• Supplied material:
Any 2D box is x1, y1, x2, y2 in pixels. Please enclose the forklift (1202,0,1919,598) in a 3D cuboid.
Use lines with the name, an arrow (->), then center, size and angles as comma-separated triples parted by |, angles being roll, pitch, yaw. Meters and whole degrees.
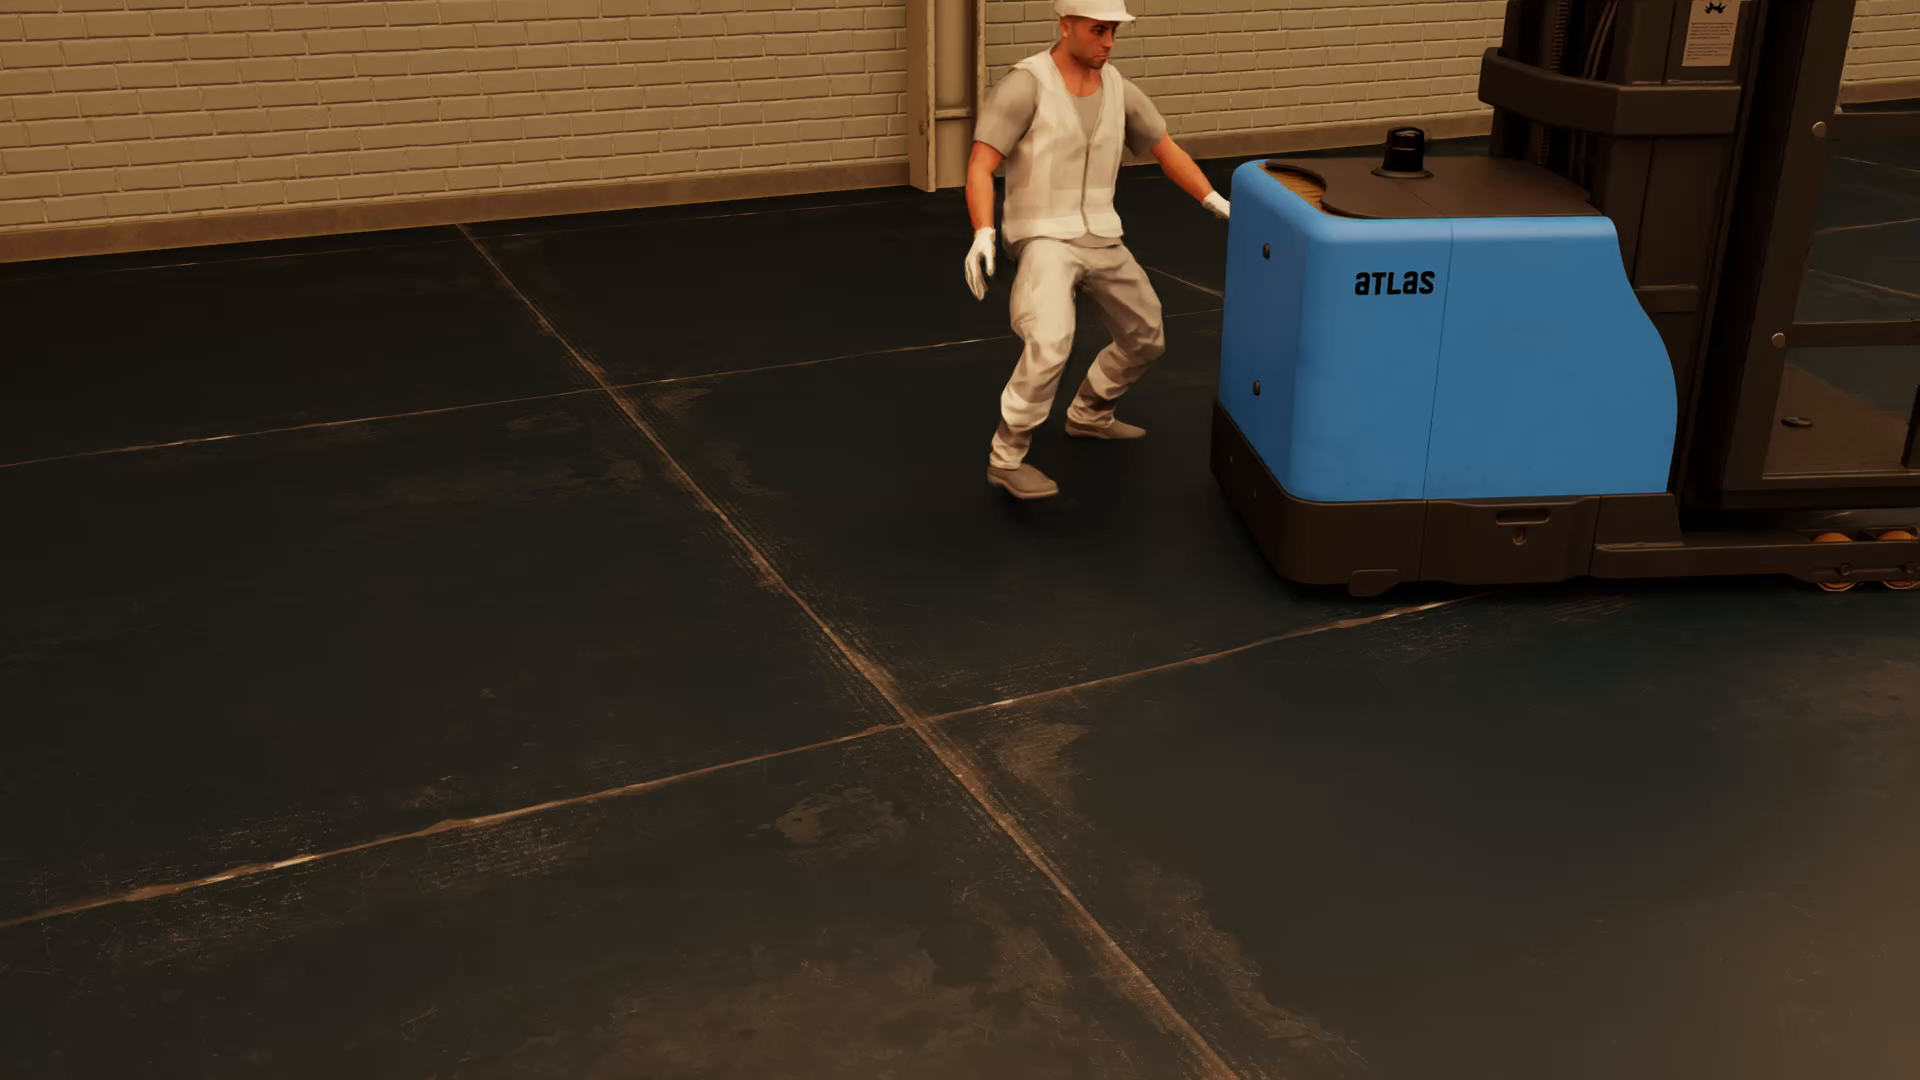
forklift -> 2.344, -1.405, 4.669 | 3.031, 2.935, 1.130 | -2, 23, -4

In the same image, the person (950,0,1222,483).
person -> 0.393, -0.996, 5.395 | 0.994, 1.650, 0.678 | -12, 25, -27

• Instructions to follow:
The copy has to start at the line that contains "Use lines with" and end at the last line of the material above, matching the original exactly and holding no pictures.

• Solution to this problem:
Use lines with the name, an arrow (->), then center, size and angles as comma-separated triples parted by |, angles being roll, pitch, yaw. Meters and whole degrees.
forklift -> 2.344, -1.405, 4.669 | 3.031, 2.935, 1.130 | -2, 23, -4

In the same image, the person (950,0,1222,483).
person -> 0.393, -0.996, 5.395 | 0.994, 1.650, 0.678 | -12, 25, -27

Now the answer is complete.